I go for refuge to the Three Jewels daily, try to cultivate a peaceful mind, and dedicate this precious human life to benefit others, but I have a powerful and helpful protector who is currently out of favor with those in power. If this type of authority continues to be wielded, causing harm to Western practitioners, all students of Tibetan Buddhism must ask themselves: Am I next? Is my beloved practice the next one to be sacrificed on the “altar” of worldly political aims?
You have done well to bring to light the Dorje Shugden situation. Certainly His Holiness The Dalai Lama should be supported by all Buddhist groups for his ban on Shugden worship. This is important not only for Tibetan Buddhism but also for the future of all Buddhism in the West. The practice of “life entrustment” in any deity is not Buddhism and should not be supported as such. To quote Buddhadasa Bhikkhu, “If we take those things that agree with our defilements rather than let ourselves be guided by mindfulness and wisdom, then spiritual life becomes a matter of superstition, of rites and rituals, and of making merit by rote or to insure against some kind of fear, and there is no contact with real Buddhism.”
Buddhism has no need of protectors; it either stands or falls by the truth of the Buddha’s teachings alone, and for those teachings one takes refuge in the Triple Gem. Great teachers can make mistakes. Greater teachers can give them up.
John A. Perks
Washington, D. C.
I greatly appreciated Stephen Batchelor’s account of the background of the Dorje Shugden feud. It set the current controversy in a historical context, about which I and, I’m sure, many others were largely ignorant. Unfortunately, this is a fight in which both sides have suffered, and it is hard for me to believe that any of the players have acted wisely. The only people who may draw any comfort from what is happening are members of the Chinese government.
Although I believe that the Dalai Lama can be criticized for his handling of the matter, as a former student of Geshe Kelsang Gyatso, I’m ina better position to comment on the Dorje Shugden supporters’ side than on that of their opponents.
Some of Geshe Kelsang’s actions—such as organizing public protests against the Dalai Lama—appear to be expressions of a woeful ignorance about the media, the nature of public perception and the world in general. While Geshe Kelsang has been exposed to the West for over twenty years (and is now a British citizen), one has to wonder what he has managed to learn during that time about the broader culture in which he now lives.
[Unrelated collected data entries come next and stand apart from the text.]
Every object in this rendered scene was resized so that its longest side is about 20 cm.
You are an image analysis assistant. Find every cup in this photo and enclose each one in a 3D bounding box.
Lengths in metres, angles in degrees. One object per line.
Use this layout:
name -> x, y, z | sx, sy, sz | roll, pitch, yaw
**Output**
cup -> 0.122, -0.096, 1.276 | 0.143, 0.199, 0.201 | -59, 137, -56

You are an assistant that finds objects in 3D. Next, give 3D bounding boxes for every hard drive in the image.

Unfortunately, Geshe Kelsang, like so many other Asian spiritual teachers, has been shielded from society by overprotective students who naively imagine that their teacher has little if anything to learn about the world. The dharma centers in which they live, are far from being true meeting places between East and West, end up becoming strange amalgams of the two that lack any real cultural foundations.
The irony is that it is the students who sell themselves short by going the greater distance in bridging the culture gap—a task that should in fact be equally placed on the shoulders of the teacher. The end result is Westerners who lose sight of their own cultural roots and resources while engaged in a vain attempt to remanufacture Buddhism in a contrived form of purity. At the same time, trapped in the insular environment of a Western dharma center, the lama becomes isolated from his own people and culture and their leveling influence. Surrounded by a cadre of devotees, he needs—but lacks—the help of a wise fool who can expose the folly that everyone else around him refuses to see.
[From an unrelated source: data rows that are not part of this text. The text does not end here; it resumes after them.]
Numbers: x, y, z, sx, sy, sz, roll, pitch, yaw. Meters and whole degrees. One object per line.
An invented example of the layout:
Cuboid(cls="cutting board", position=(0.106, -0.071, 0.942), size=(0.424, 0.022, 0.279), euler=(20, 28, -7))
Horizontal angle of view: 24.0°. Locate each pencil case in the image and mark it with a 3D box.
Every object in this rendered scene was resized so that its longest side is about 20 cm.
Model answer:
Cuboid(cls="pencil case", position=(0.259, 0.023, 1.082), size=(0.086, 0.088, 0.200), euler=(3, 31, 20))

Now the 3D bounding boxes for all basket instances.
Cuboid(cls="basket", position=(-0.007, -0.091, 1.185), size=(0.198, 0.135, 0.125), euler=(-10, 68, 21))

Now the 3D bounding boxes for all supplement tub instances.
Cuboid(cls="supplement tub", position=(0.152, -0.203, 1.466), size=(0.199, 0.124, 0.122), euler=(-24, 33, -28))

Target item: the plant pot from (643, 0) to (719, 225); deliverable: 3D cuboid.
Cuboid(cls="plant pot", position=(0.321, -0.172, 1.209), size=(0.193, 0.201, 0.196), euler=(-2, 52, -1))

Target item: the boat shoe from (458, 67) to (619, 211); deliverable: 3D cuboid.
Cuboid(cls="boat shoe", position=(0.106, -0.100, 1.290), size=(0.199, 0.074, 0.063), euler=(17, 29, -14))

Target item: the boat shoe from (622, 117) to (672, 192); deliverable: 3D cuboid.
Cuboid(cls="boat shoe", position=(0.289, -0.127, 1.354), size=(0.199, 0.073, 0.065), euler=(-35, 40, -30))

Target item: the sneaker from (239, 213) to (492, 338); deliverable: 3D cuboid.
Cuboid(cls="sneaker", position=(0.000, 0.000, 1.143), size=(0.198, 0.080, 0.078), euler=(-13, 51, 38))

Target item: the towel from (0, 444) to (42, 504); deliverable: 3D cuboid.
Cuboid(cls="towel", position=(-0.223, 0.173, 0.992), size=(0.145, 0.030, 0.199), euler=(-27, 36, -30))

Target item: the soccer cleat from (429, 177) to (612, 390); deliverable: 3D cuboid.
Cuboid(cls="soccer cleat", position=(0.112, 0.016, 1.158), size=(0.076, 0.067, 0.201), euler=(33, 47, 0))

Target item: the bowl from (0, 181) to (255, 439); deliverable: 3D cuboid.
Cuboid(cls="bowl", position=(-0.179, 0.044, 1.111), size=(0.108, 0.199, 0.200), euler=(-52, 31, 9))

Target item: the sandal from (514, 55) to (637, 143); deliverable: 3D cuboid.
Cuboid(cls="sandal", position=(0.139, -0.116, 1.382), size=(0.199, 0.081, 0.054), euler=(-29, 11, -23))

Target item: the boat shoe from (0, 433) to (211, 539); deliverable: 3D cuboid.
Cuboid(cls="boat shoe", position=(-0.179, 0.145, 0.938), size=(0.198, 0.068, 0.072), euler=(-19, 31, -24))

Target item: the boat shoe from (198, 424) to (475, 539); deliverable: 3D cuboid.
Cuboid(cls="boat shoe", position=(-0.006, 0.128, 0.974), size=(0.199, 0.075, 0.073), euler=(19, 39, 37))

Behind the machinations of this particular medieval drama, I see a larger story—one that seems to get replayed in spiritual groups the world over. On the one hand, a group of people discover inspiration, a profound sense of purpose, and a conviction that they are devoting their lives to a matter of ultimate significance (such as “releasing every living being from suffering”), but then the very sense of unity that springs from this common purpose ends up sustaining divisions which isolate the pure from the impure, the enlightened from the ignorant, and the saved from the damned. Cosmic vision degenerates into a factionalism whose parochiality is sadly evident to all but those on the inside.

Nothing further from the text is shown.